The idea is to count the pairs $(g,\omega)$ where $g\in G, \omega\in \Omega$, and $g\omega = \omega$, i.e. the pairs (group element, element of $\Omega$ fixed by this group element), in two different ways. $\mathrm{fix}_{\Omega}(g)$ is notation for the set of elements of $\Omega$ fixed by a particular group element $g$. Here are the two ways of counting involved in the proof:

Way number 1: sum over the elements of the set $\Omega$; organize these elements by orbit to clean up the sum.
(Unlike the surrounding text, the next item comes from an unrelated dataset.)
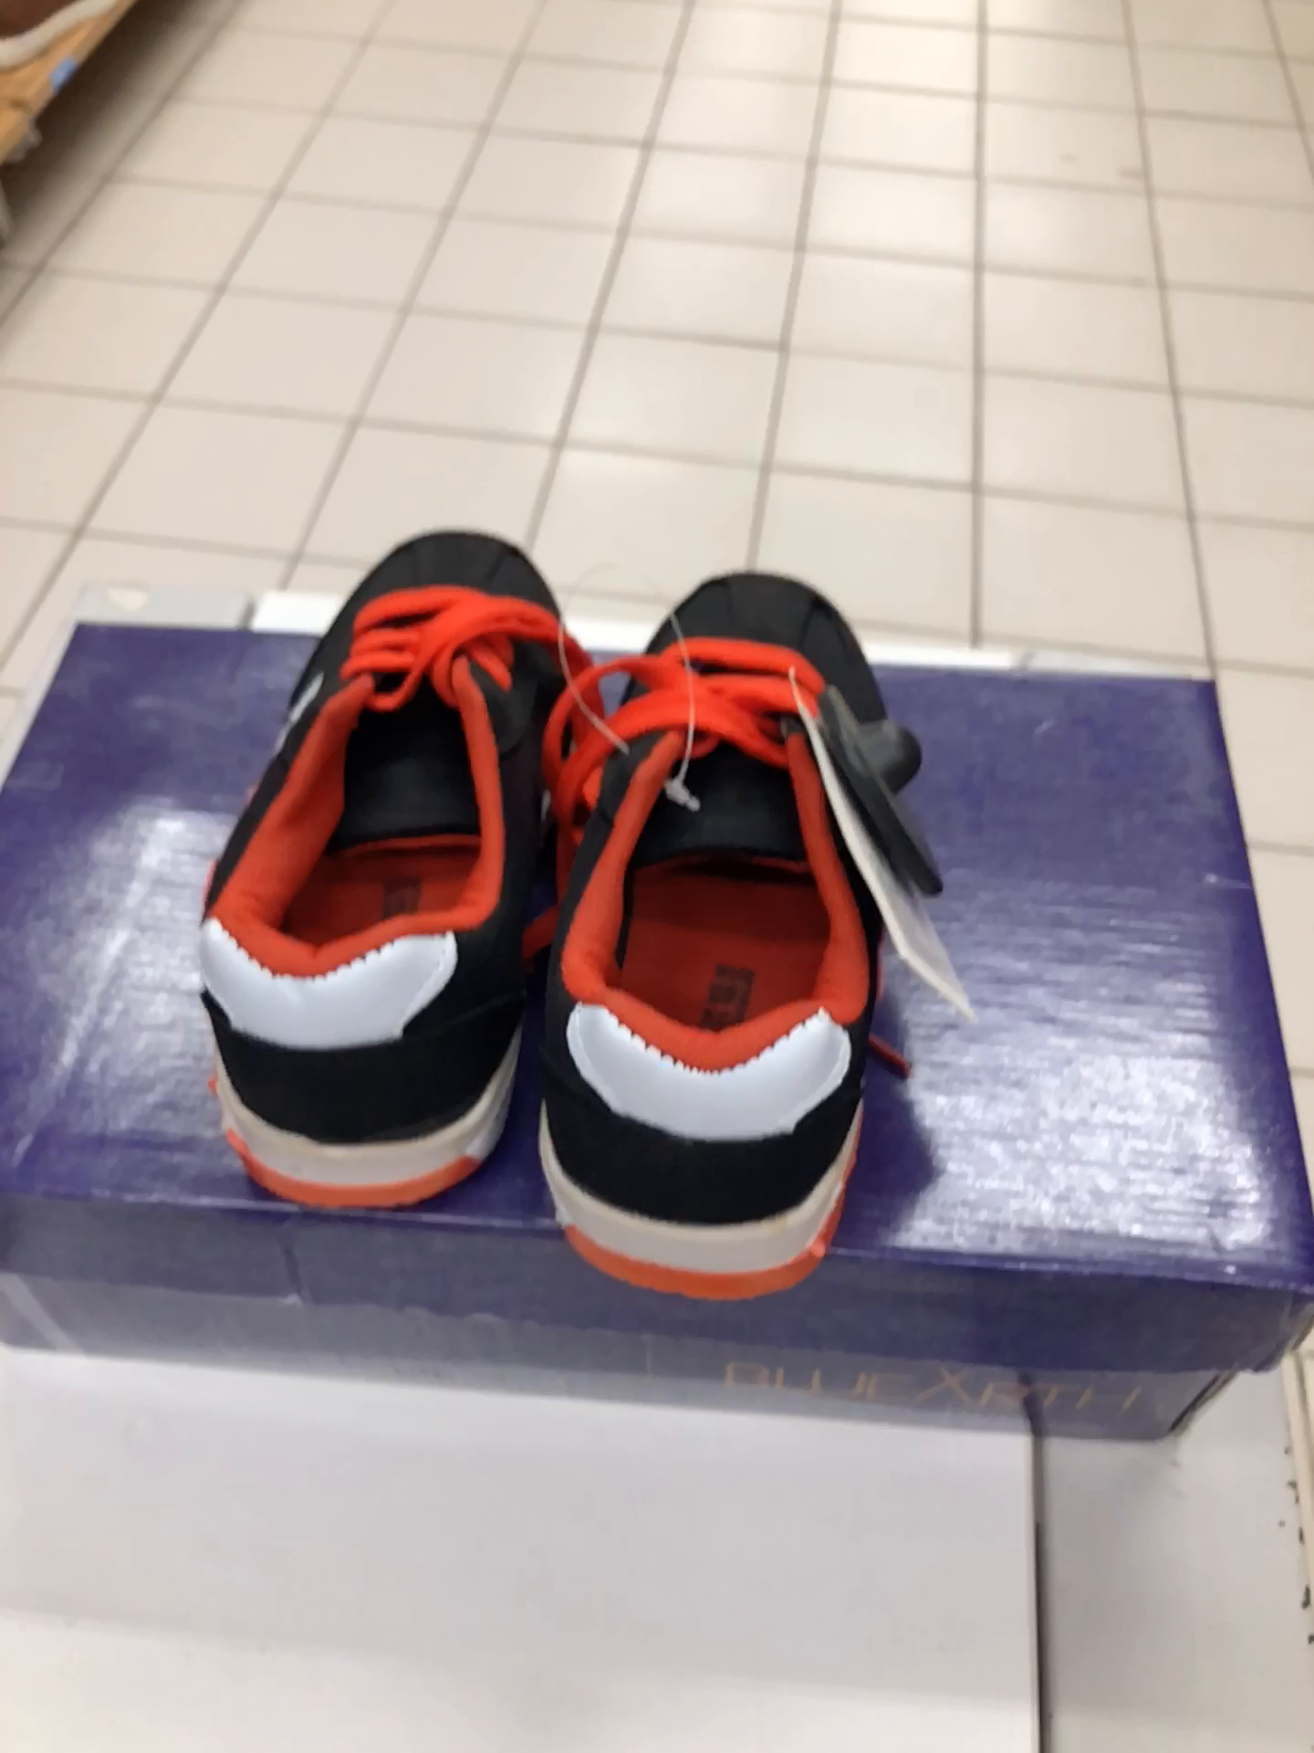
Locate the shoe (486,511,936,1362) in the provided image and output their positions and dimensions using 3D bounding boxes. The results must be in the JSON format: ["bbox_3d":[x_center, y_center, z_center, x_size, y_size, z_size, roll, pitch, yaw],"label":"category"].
[{"bbox_3d":[0.016,0.010,0.352,0.080,0.099,0.171,5,52,2],"label":"shoe"}]

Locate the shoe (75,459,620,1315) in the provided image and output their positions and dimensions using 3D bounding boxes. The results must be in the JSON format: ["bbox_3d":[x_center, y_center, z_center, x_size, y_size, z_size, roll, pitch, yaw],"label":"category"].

When we fix $\omega\in \Omega$, the set of group elements fixing $\omega$ is $\omega$'s stabilizer. So the sum looks like

\sum_{\omega\in\Omega} \text{size of}\;\omega\text{'s stabilizer}

It is convenient to break this sum down into orbits:

$\sum_{\omega\in\Delta_1}+\sum_{\omega\in\Delta_2}+\dots+\sum_{\omega\in\Delta_t}$

When it is broken down this way, it becomes possible to conclude that the total is $t|G|$. Can you see why? This is the proof's key step. Also, it's the only point in the proof where the decomposition $\Omega=\Delta_1\cup\Delta_2\cup\dots\cup\Delta_t$ is used.

Way number 2: sum over the elements of the group.

Now the sum looks like

$\sum_{g\in G} \text{number of elements of}\;\Omega\;\text{fixed by}\;g$

But $\mathrm{fix}_{\Omega}(g)$ is just the name for the set of elements of $\Omega$ fixed by $g$, so this sum can be written

$\sum_{g\in G}|\mathrm{fix}_{\Omega}(g)|$

The proof can be completed from here.

Now it seems to me since you asked about it that it is actually true that $\mathrm{fix}_{\Omega}(g)=\mathrm{fix}_{\Delta_1}(g)\cup\dots\cup\mathrm{fix}_{\Delta_t}(g)$, because the left side is the set of all elements of $\Omega$ fixed by $g$, and the right side is the disjoint union of the set of elements fixed by $g$ that are in each individual orbit. But the proof I've outlined here doesn't make use of this.